Learn how to use Prefect to move data to and from AWS, Azure, and GCP blob storage.

Prerequisites

Install relevant Prefect integration library

In the CLI, install the Prefect integration library for your cloud provider:

prefect-aws provides blocks for interacting with AWS services.

pip install -U prefect-aws

Register the block types

Register the new block types with Prefect Cloud (or with your self-hosted Prefect server instance):

prefect block register -m prefect_aws  

A confirmation message in the CLI shows that several block types were registered. The UI shows the new block types listed.

Create a storage bucket

Create a storage bucket in the cloud provider account. Ensure the bucket is publicly accessible, or create a user or service account with the appropriate permissions to fetch and write data to the bucket.
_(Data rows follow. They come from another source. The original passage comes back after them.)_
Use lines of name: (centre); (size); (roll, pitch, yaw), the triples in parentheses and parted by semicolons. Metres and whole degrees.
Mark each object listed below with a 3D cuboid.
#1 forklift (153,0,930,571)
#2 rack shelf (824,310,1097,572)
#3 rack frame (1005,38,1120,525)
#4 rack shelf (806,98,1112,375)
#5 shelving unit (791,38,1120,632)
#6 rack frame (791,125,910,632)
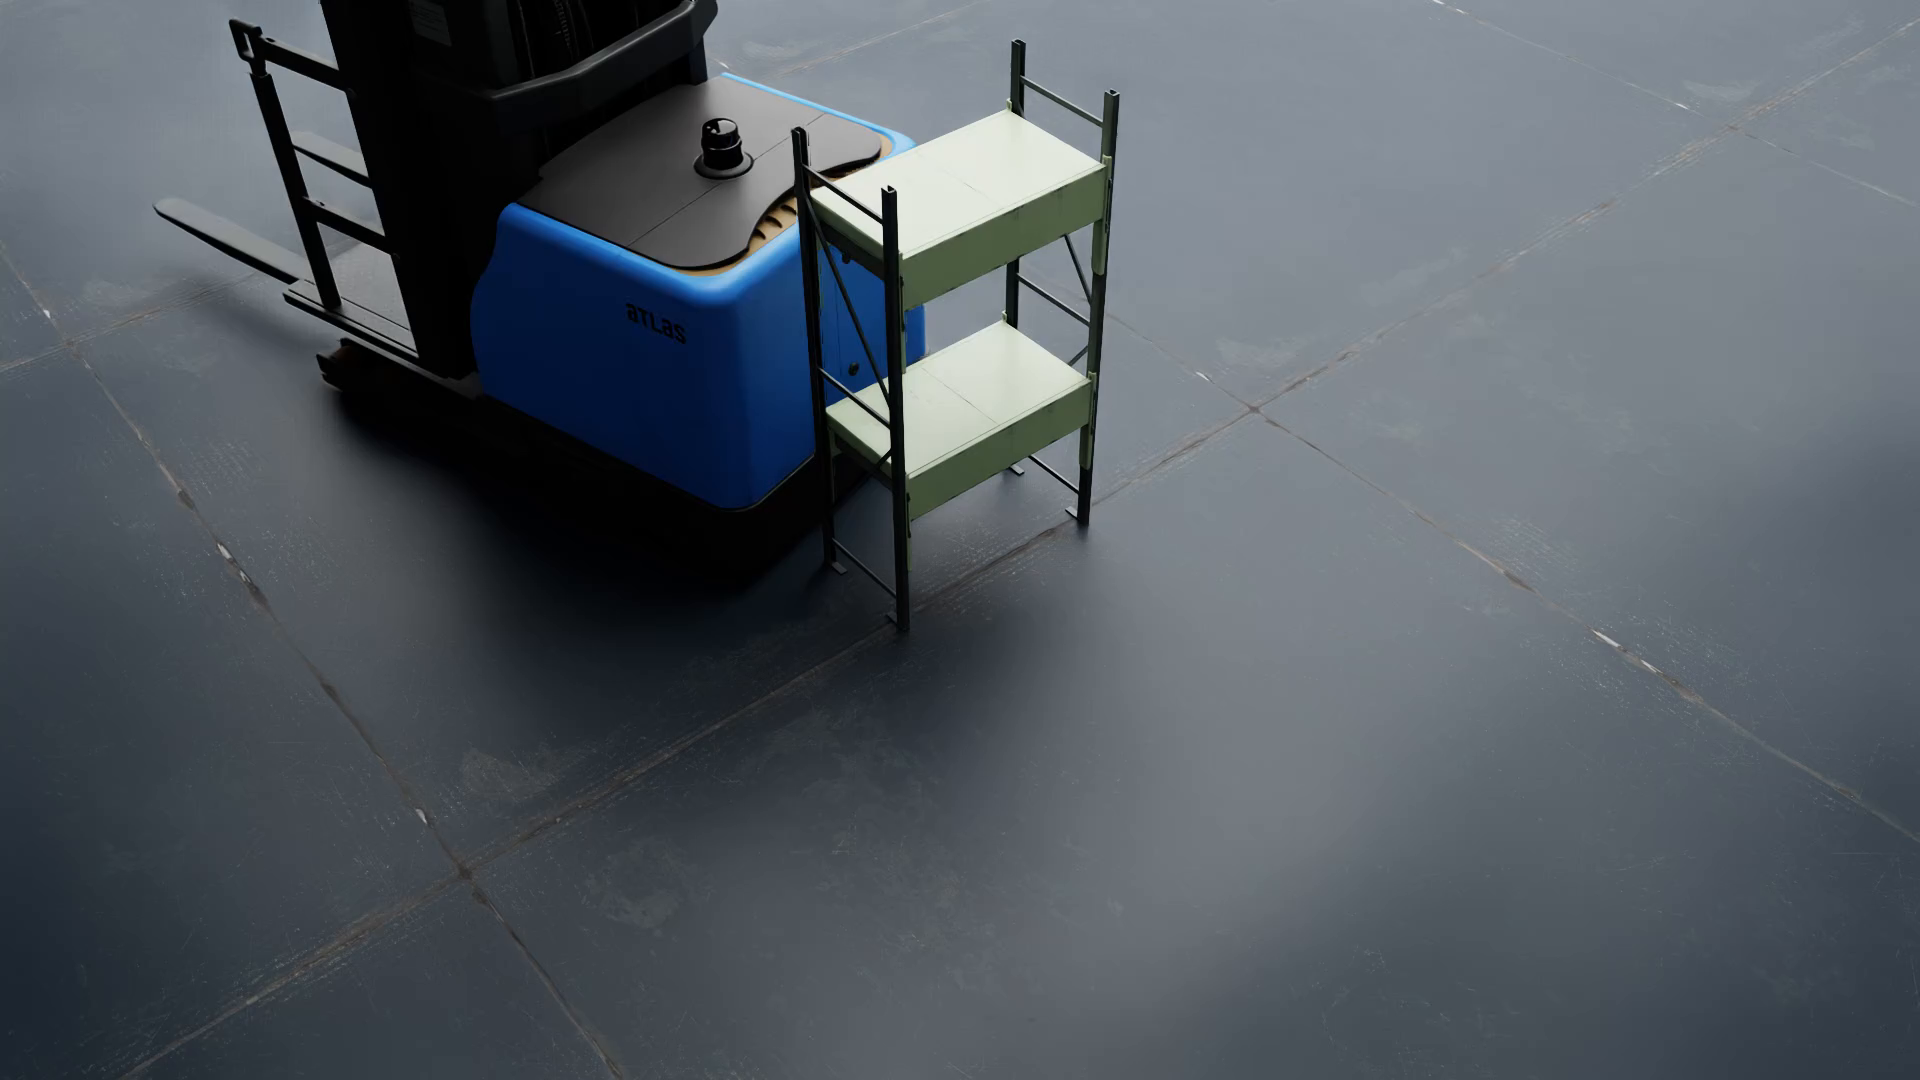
forklift: (-1.604, -1.773, 4.997); (3.031, 2.935, 1.130); (25, 49, 24)
rack shelf: (-0.005, -0.306, 4.957); (0.720, 0.370, 0.431); (-30, 51, -28)
rack frame: (0.276, -0.705, 4.905); (0.023, 1.500, 0.400); (-30, 51, -28)
rack shelf: (-0.005, -0.828, 4.466); (0.720, 0.370, 0.431); (-30, 51, -28)
shelving unit: (-0.005, -0.544, 4.733); (0.755, 1.500, 0.431); (-30, 51, -28)
rack frame: (-0.286, -0.383, 4.562); (0.023, 1.500, 0.400); (-30, 51, -28)

Create a credentials block

If the bucket is private, there are several options to authenticate:

  • At deployment runtime, ensure the runtime environment is authenticated.
  • Create a block with configuration details and reference it when creating the storage block.
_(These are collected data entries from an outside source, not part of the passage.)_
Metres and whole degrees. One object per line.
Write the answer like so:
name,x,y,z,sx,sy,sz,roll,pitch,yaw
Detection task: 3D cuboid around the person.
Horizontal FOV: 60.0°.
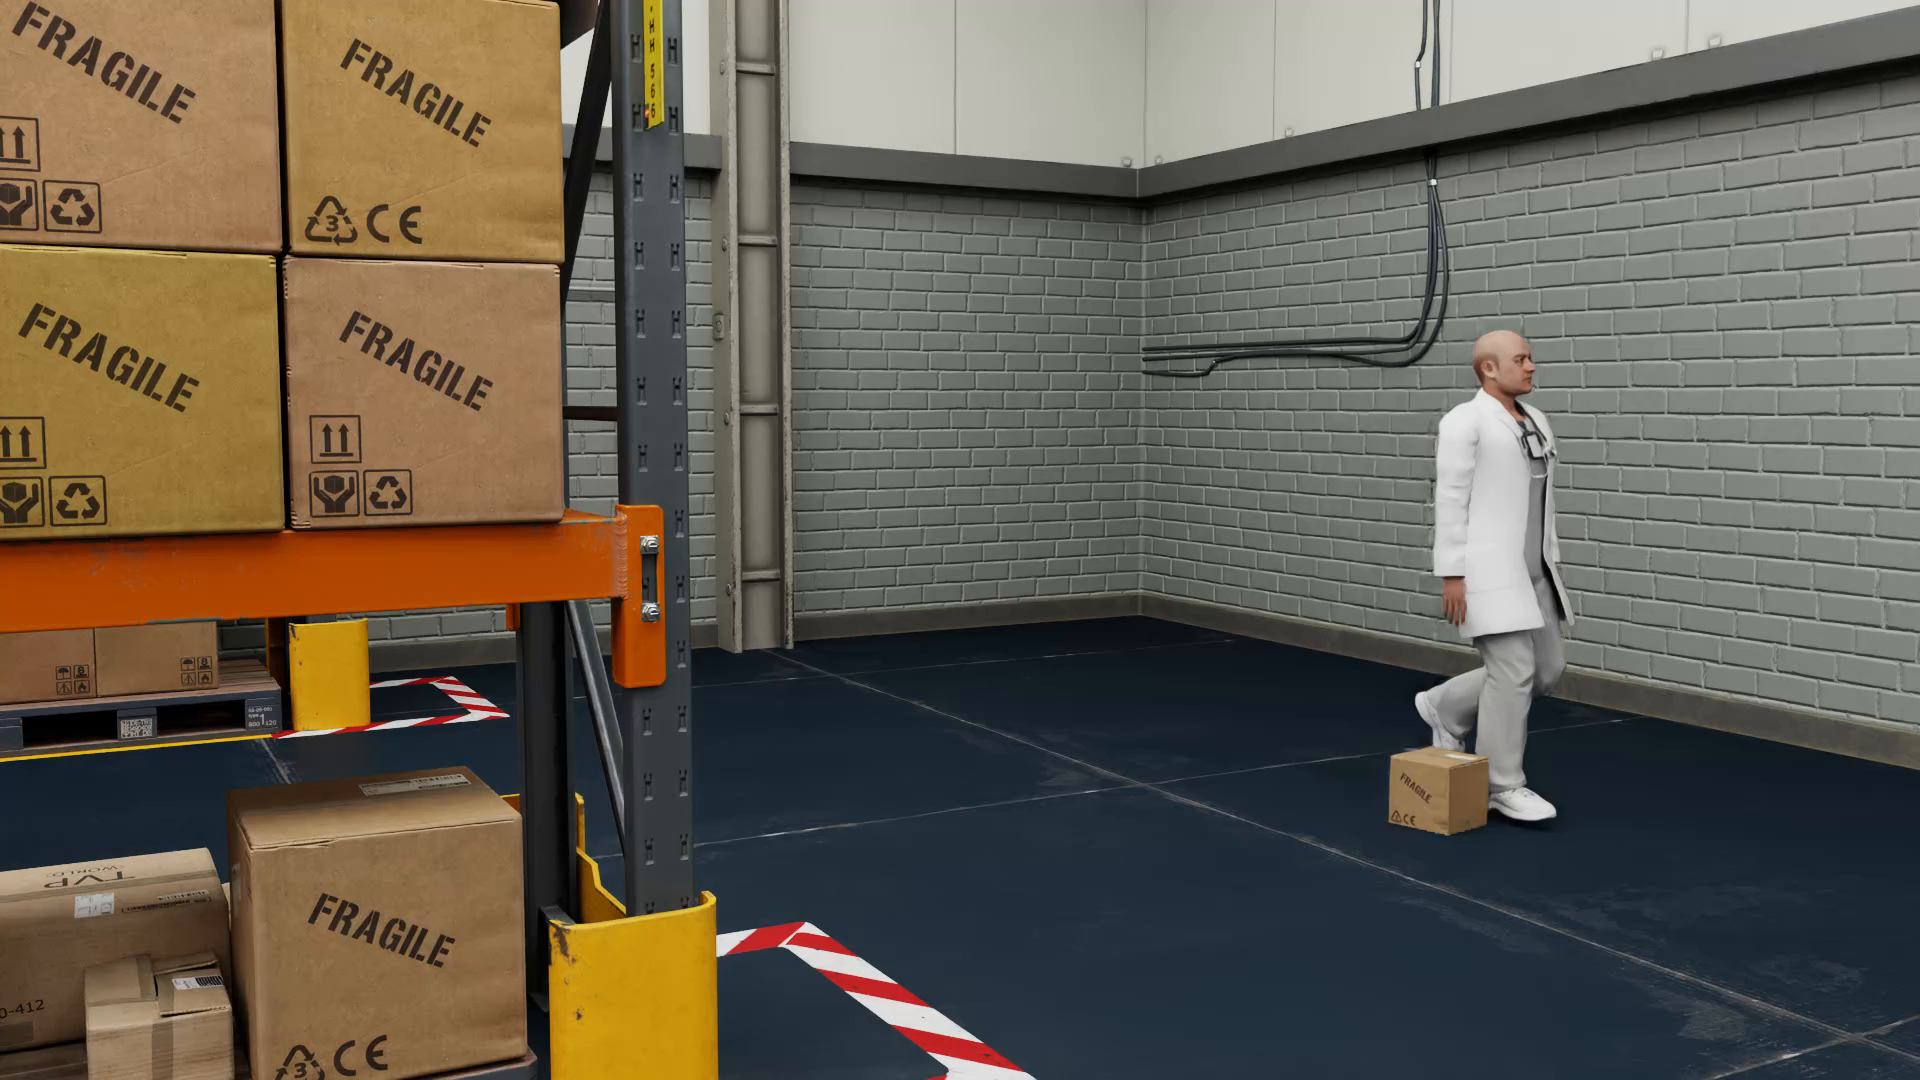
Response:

If you saved credential details in a block, you can use a credentials block specific to the cloud provider or use a more generic secret block. You can create blocks through the UI or Python code.

The example below uses Python code to create a credentials block for your cloud provider.

Credentials safety

Don’t store credential values in public locations such as public git platform repositories. The examples below use environment variables to store credential values.

import os
from prefect_aws import AwsCredentials


my_aws_creds = AwsCredentials(
    aws_access_key_id="123abc",
    aws_secret_access_key=os.environ.get("MY_AWS_SECRET_ACCESS_KEY"),
)
my_aws_creds.save(name="my-aws-creds-block", overwrite=True)

Run the code to create the block. You should see a message that the block was created.

Create a storage block

You can create a block for the chosen cloud provider using Python code or the UI. This example uses Python code.

Note that the S3Bucket block is not the same as the S3 block that ships with Prefect. The S3Bucket block used in this example is part of the prefect-aws library and provides additional capabilities.

Next, reference the credentials block created above.

from prefect_aws import S3Bucket


s3bucket = S3Bucket.create(
    bucket="my-bucket-name",
    credentials="my-aws-creds-block"
    )
s3bucket.save(name="my-s3-bucket-block", overwrite=True)

Run the code to create the block. You should see a message that the block was created.

Write data

Use your new block inside a flow to write data to your cloud provider.

from pathlib import Path
from prefect import flow
from prefect_aws.s3 import S3Bucket


@flow()
def upload_to_s3():
    """Flow function to upload data"""
    path = Path("my_path_to/my_file.parquet")
    aws_block = S3Bucket.load("my-s3-bucket-block")
    aws_block.upload_from_path(from_path=path, to_path=path)


if __name__ == "__main__":
    upload_to_s3()

Read data

Use your block to read data from your cloud provider inside a flow.

from prefect import flow
from prefect_aws import S3Bucket


@flow
def download_from_s3():
    """Flow function to download data"""
    s3_block = S3Bucket.load("my-s3-bucket-block")
    s3_block.get_directory(
        from_path="my_path_to/my_file.parquet", 
        local_path="my_path_to/my_file.parquet"
    )


if __name__ == "__main__":
    download_from_s3()

Next steps

Check out the prefect-aws, prefect-azure, and prefect-gcp docs to see additional methods for interacting with cloud storage providers. Each library also contains blocks for interacting with other cloud-provider services.